Institutional researchers also maintain a constructive long-term view. Grayscale Research anticipates Bitcoin exceeding previous highs in the first half of 2026. Their analysis suggests that the next leg up will be driven by deepening institutional adoption rather than solely by Federal Reserve interest rate policy. Furthermore, JPMorgan analysts noted recently that Bitcoin's correlation with the dollar has shown signs of flipping positive in specific safe-haven regimes, suggesting BTC could eventually rally alongside the USD if the currency debasement narrative takes hold over the geopolitical one.
The Bear Case
Conversely, the immediate outlook remains clouded by macro headwinds. Tony Sycamore, Market Analyst at IG, warns that the geopolitical situation is the primary driver. He predicts that if the Middle Eastern conflict persists, it will sustain higher inflation expectations and a stronger USD, effectively taking Fed rate cuts off the table despite the weak jobs data.
On the technical front, OneUp Trader highlights that the daily chart remains in a clear bearish structure. They point out that price is trading below both the 50-day moving average ($80,000) and the 200-day moving average ($101,000), signaling that bears remain in control of the trend.

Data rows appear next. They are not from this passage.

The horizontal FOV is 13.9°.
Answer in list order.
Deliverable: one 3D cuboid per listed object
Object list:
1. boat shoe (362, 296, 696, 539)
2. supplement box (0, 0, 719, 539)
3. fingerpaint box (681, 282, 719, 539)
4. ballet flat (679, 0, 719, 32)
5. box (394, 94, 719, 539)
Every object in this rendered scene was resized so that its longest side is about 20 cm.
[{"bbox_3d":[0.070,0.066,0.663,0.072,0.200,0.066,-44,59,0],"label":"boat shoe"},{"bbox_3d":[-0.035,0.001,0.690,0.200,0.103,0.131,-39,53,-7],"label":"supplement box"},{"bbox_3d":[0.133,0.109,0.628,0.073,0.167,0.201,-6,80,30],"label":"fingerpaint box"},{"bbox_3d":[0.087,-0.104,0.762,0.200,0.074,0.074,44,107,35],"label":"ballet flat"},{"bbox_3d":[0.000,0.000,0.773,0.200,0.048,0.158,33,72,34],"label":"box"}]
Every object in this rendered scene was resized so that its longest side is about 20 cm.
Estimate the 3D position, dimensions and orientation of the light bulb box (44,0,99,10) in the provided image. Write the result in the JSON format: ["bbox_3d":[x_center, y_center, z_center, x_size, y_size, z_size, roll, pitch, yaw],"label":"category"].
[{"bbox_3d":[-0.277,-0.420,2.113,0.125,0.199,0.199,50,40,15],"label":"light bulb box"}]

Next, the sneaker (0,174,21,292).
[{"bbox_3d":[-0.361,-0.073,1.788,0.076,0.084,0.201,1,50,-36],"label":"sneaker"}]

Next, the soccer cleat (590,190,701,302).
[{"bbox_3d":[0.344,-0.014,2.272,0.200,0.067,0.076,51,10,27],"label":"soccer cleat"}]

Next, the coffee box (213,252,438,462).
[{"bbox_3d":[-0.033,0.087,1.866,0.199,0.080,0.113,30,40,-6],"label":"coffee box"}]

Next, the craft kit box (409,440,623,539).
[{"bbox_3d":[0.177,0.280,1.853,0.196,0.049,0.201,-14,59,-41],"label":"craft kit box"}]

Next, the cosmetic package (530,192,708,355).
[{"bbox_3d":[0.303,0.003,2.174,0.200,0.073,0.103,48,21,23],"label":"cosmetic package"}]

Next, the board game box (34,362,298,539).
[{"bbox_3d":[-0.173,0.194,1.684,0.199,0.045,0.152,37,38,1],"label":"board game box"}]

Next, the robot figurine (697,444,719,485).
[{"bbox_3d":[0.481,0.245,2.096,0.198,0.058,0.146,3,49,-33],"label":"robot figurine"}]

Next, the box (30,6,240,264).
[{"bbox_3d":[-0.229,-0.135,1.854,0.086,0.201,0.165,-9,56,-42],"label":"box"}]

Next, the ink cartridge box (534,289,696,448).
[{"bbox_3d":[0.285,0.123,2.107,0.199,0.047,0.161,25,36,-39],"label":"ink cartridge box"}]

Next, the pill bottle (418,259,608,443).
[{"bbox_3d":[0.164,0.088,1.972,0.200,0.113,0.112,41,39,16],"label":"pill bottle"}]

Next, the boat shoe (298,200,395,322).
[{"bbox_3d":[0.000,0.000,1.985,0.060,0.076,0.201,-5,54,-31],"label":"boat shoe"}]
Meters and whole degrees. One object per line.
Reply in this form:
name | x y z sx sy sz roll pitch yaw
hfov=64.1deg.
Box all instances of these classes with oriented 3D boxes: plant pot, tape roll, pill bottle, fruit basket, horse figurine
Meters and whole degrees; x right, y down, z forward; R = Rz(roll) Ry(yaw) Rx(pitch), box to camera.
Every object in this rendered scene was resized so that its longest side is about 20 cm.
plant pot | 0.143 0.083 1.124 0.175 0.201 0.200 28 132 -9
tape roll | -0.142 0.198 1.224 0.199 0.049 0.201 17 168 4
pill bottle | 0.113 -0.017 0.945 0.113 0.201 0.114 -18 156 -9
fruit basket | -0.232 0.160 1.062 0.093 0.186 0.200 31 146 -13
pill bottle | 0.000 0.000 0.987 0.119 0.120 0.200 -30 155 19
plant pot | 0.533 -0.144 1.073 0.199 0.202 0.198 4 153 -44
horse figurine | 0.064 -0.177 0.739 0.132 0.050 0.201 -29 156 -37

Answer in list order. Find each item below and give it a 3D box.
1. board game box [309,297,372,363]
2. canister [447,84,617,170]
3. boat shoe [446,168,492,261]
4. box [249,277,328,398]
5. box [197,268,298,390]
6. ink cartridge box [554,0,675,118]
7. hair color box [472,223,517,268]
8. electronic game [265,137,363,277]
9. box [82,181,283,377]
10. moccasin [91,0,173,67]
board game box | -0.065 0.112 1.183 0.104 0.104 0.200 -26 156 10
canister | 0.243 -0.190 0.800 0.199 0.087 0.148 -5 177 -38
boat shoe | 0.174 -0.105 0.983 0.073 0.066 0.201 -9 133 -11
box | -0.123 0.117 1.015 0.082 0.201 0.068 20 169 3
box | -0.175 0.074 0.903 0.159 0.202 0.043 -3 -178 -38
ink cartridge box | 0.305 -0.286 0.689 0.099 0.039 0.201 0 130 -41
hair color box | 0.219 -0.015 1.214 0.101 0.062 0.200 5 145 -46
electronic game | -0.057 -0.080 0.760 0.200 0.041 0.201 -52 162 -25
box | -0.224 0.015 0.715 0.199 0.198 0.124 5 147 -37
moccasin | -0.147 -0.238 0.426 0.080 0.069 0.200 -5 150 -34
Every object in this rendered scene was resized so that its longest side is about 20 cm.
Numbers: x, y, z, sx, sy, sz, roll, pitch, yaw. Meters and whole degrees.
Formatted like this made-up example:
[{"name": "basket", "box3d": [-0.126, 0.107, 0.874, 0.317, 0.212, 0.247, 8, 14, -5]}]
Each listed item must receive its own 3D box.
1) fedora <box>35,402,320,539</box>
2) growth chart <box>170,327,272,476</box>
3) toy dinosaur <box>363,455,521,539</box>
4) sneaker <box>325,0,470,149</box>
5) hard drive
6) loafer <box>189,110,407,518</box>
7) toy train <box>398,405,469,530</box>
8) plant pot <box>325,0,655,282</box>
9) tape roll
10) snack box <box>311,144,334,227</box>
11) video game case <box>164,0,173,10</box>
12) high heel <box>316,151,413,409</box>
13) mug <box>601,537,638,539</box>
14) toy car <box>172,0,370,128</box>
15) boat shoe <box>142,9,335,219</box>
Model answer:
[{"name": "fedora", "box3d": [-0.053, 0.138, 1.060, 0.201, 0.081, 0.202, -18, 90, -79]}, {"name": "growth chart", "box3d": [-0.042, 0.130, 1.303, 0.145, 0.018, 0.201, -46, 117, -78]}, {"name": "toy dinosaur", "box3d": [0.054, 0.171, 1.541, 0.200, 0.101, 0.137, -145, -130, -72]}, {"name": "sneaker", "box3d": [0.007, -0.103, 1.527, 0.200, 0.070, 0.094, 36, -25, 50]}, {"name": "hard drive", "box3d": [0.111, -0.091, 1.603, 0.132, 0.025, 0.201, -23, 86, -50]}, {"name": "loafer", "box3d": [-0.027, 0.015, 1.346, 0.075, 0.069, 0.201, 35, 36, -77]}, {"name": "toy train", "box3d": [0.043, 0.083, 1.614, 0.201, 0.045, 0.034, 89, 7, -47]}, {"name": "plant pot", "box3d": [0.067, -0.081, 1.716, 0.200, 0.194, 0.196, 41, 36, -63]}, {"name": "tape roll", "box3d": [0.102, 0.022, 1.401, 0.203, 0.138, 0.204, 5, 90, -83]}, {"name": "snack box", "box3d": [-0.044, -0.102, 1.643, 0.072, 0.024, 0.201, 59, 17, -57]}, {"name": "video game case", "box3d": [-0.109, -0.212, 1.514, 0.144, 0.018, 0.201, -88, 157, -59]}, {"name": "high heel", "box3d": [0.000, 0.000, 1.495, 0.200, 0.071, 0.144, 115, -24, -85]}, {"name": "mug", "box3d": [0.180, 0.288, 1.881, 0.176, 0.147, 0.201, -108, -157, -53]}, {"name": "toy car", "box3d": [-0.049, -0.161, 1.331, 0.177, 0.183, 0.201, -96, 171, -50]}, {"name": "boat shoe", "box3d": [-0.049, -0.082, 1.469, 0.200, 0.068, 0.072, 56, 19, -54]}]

Additionally, Han Tan, Chief Market Analyst at Bybit, points to on-chain stress. Tan notes that negative hashrate growth is a sign that miners are beginning to unplug hardware due to the profitability squeeze. If this miner capitulation accelerates, it could lead to further sell pressure as operations liquidate treasury holdings to cover operational costs.
What to Watch
Investors should monitor the Bitcoin network hashrate closely over the next 14 days. A significant drop would confirm miner capitulation, often a precursor to a market bottom. Additionally, the market's reaction to the upcoming Federal Reserve meeting will be critical; the central bank must now weigh the inflationary pressure of conflict against the deflationary signal of the -92k NFP print.